I used Intel Architecture Code Analyzer to analyze the instruction throughput of my methods, and the result is very satisfying:
 Power of 2 table with quadratic probing
 Block Throughput: 4.10 Cycles
 Total Num Of Uops: 9
 Fast mod and scale with quadratic probing
 Block Throughput: 4.15 Cycles
 Total Num Of Uops: 12
Benchmarks
I hope all these analysis didn’t bored you all! Turns out these analysis are all useful. We now have a hash table with very optimal memory usage but still having great performance.
The most impressive part is the memory usage. Under load 89% we achieve overhead 1.20x ~ 1.50x. The ideal overhead should be 1.12 but we have an extra byte used per bucket to determine whether the bucket is emptied or tumbstoned.
The insertion time is not as good as dense_hash_map
under high load.
The reason is robin hood hashing moves the buckets around during the
insert, but dense_hash_map
simply probe and insert it to an empty
bucket if found.
Luckily, robin hood hashing gets a faster lookup time compare to
dense_hash_map
. I think the major reason is robin hood hashing
results a great expected probing number, and the overall throughput
benefits from it.
The benchmark code is available at hash_bench. My robin hood hashing implementation is available at opic robin hood hashing.
Summary
Hash table implementations has been focused on its speed over memory usages. Turns out we can sacrifice some insertion time to gain way better memory utilization, and also improve the look up time. I believe this can be the new state of the art implementation for hash tables. Let me know what you think in the comments. :)
Many details were omitted in this post, but will be discussed on my next post. Some outlines for the things I’d like to cover would be
 Probe distributions under different probing strategies (linear probing, quadratic probing, double hashing, and some probing methods I created).
 Optimize probing by using gcc/clang vector extensions
 Deletion mechanisms, its performance, and how it affects probe distributions.
 Serialization and deserialization performance
 Performance with different popular hash functions
 Benchmark with other robin hood implementations
 Benchmark with other embedded keyvalue store.
I may not be able to cover all the above in my next post, so please put down your comment and let me know what do you want to read the most.
One more thing…
This robin hood hashing is implemented using my project Object Persistence In C (OPIC). OPIC is a new general serialization framework I just released. Any inmemory object created with OPIC can be serialized without knowing how it was structured. Deserializing objects from OPIC only requires one mmap syscall. That’s say, this robin hood implementation can work not only in a living process, the data it stored can be used as a keyvalue store after the process exits.

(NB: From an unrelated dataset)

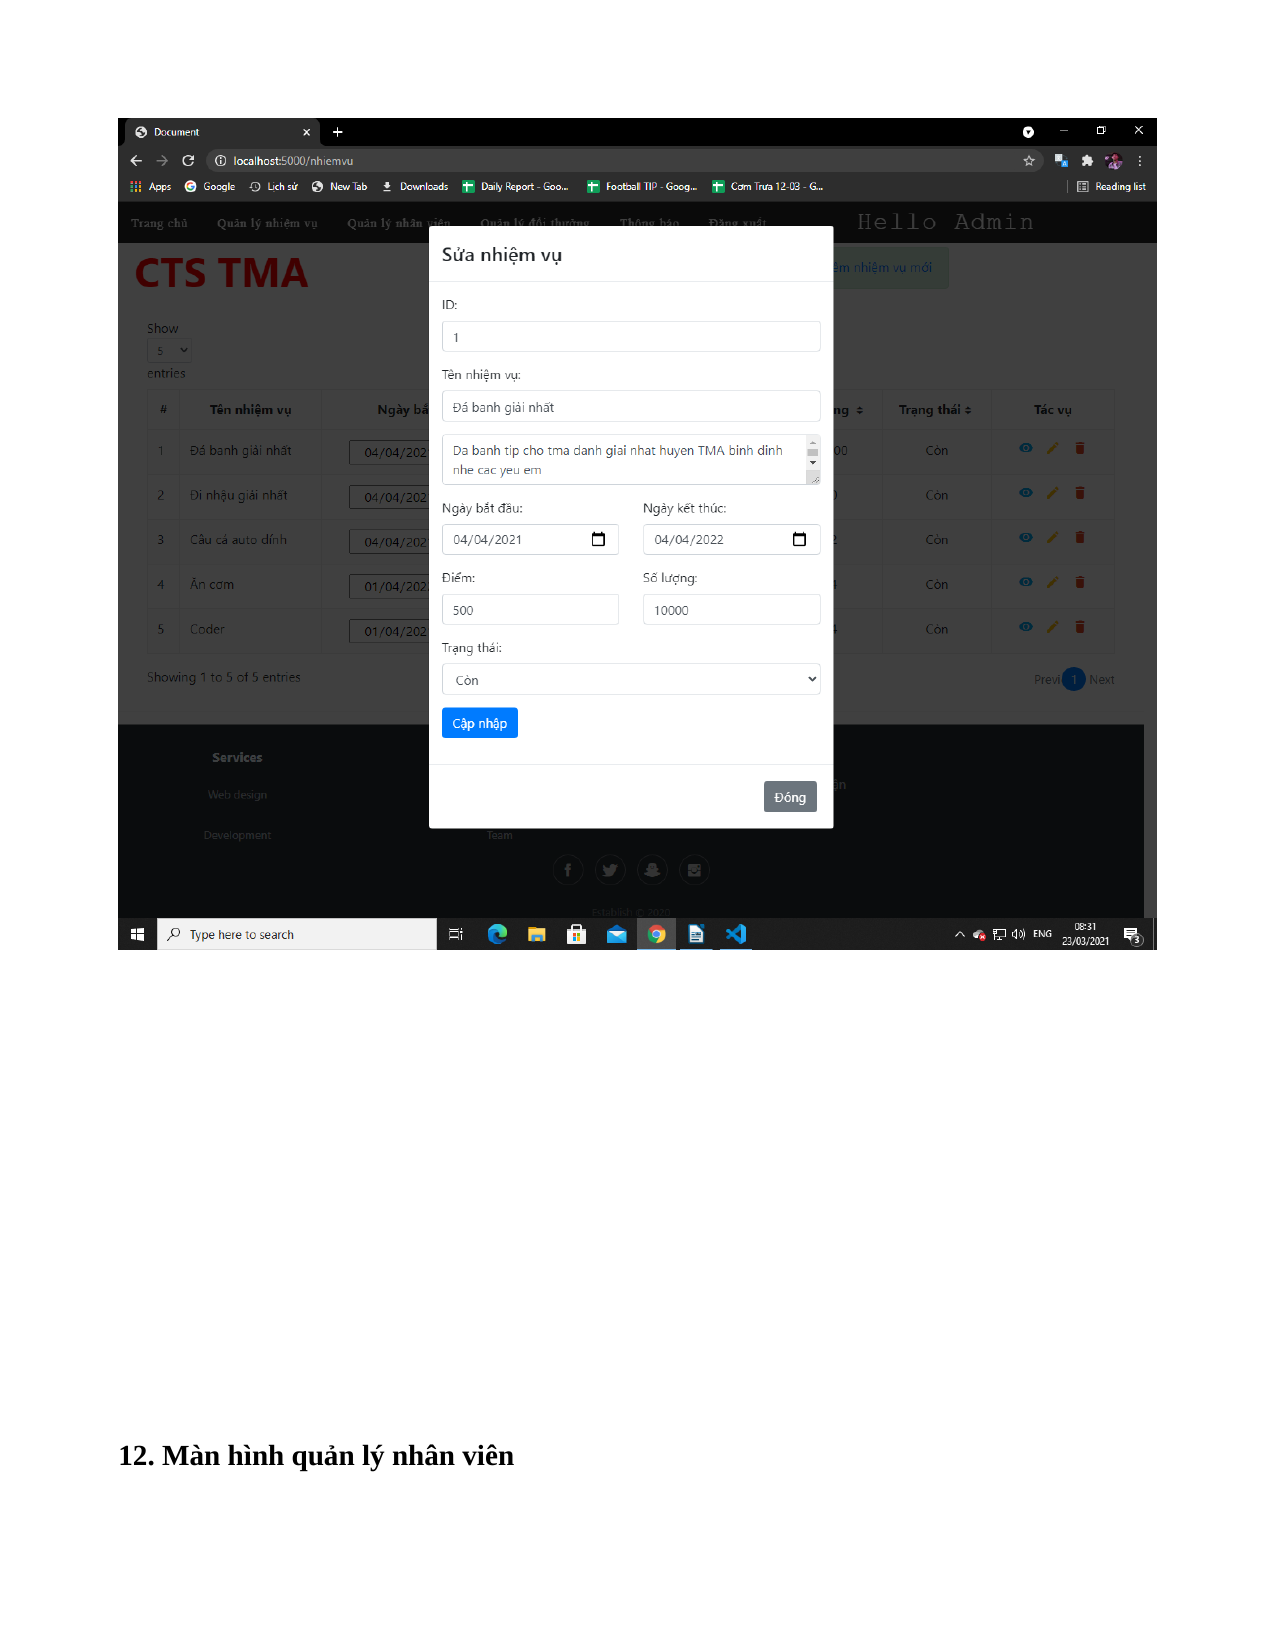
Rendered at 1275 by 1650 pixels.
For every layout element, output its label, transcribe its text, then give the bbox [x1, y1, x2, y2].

text 12. Màn hình quản lý nhân viên [118, 1438, 1157, 1471]
picture [118, 118, 1157, 950]

Right now, the throughput of OPIC robin hood hash map on small keys (6bytes) is 9M (1048576/0.115454). This is way better than most NoSQL keyvalue stores. The difference might come from write ahead logs or some other IO? I’m not sure why the performance gain is so huge. My next stop is to benchmark against other embedded keyvalue store like rocksdb, leveldb and so forth.
References
If you’d like to know more about robin hood hashing, here are some posts worth to read:
Edits
5/7/17
As people pointed out in hacker news and comment below, C++
std::string
has 24 bytes overhead on small strings, so the memory
comparison is not fair. I’ll conduct another set of benchmarks using
integers tonight.
Also, one of the author of libcuckoo (@dga) pointed out that libcuckoo would perform better if I use threadunsafe version. I’ll also update the benchmark with this new setup.
The short string problem brings up a question: what is the best practice to use C++ hash map with short strings? Isn’t this a common use case in daily programming? I tried to do some quick search but didn’t find any useful information, and I’m suck at C++… Any good idea on how to do this better?